=== PROBLEM ===
Look for "Answer: Marie Antoinette" in the entries below. Then write out exactly the line that holds it and every line after it, to the last, and nothing else.

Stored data
⁂
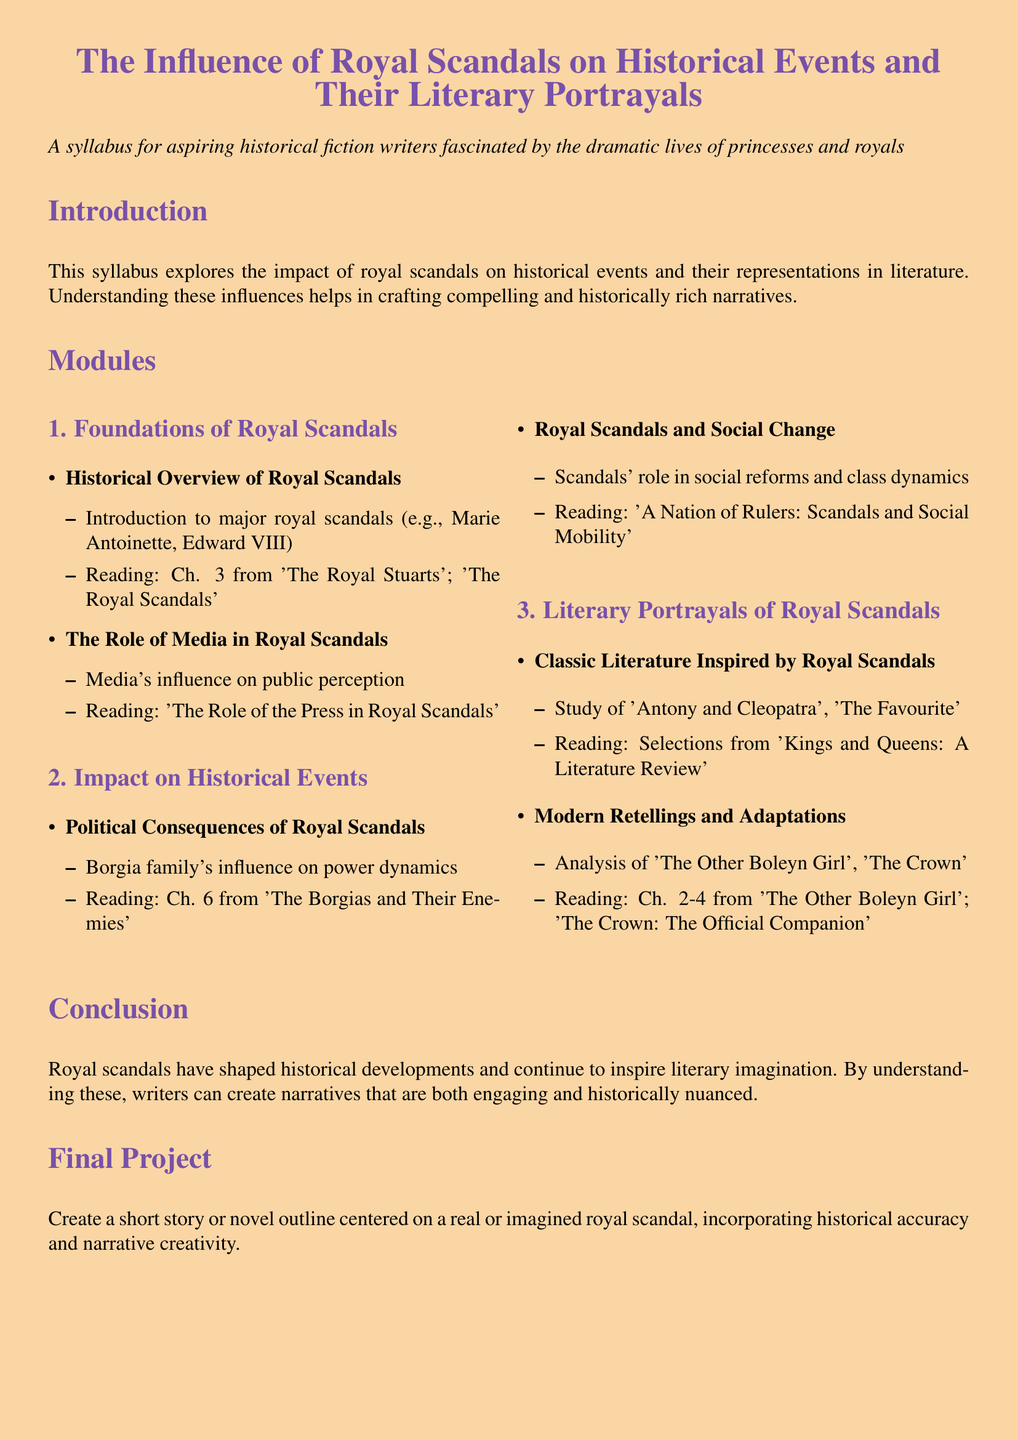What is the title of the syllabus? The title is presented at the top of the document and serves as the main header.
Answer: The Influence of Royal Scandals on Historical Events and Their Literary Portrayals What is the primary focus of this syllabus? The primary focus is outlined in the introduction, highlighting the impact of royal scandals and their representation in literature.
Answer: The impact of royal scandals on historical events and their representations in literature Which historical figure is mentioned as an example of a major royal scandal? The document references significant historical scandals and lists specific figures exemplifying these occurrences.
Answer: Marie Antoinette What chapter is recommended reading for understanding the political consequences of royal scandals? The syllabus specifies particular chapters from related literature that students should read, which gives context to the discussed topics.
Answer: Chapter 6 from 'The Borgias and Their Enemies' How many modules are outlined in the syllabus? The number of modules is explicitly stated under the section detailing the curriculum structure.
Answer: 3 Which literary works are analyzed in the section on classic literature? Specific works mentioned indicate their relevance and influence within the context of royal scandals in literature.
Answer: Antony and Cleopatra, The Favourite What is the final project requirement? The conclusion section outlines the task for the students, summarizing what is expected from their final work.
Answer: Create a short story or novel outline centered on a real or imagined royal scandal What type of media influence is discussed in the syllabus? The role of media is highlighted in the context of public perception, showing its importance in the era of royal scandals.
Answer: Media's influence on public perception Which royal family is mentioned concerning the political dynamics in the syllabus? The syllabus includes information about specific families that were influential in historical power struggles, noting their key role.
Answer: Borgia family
⁂
=== COMPLETED TASK ===
Answer: Marie Antoinette What chapter is recommended reading for understanding the political consequences of royal scandals? The syllabus specifies particular chapters from related literature that students should read, which gives context to the discussed topics.
Answer: Chapter 6 from 'The Borgias and Their Enemies' How many modules are outlined in the syllabus? The number of modules is explicitly stated under the section detailing the curriculum structure.
Answer: 3 Which literary works are analyzed in the section on classic literature? Specific works mentioned indicate their relevance and influence within the context of royal scandals in literature.
Answer: Antony and Cleopatra, The Favourite What is the final project requirement? The conclusion section outlines the task for the students, summarizing what is expected from their final work.
Answer: Create a short story or novel outline centered on a real or imagined royal scandal What type of media influence is discussed in the syllabus? The role of media is highlighted in the context of public perception, showing its importance in the era of royal scandals.
Answer: Media's influence on public perception Which royal family is mentioned concerning the political dynamics in the syllabus? The syllabus includes information about specific families that were influential in historical power struggles, noting their key role.
Answer: Borgia family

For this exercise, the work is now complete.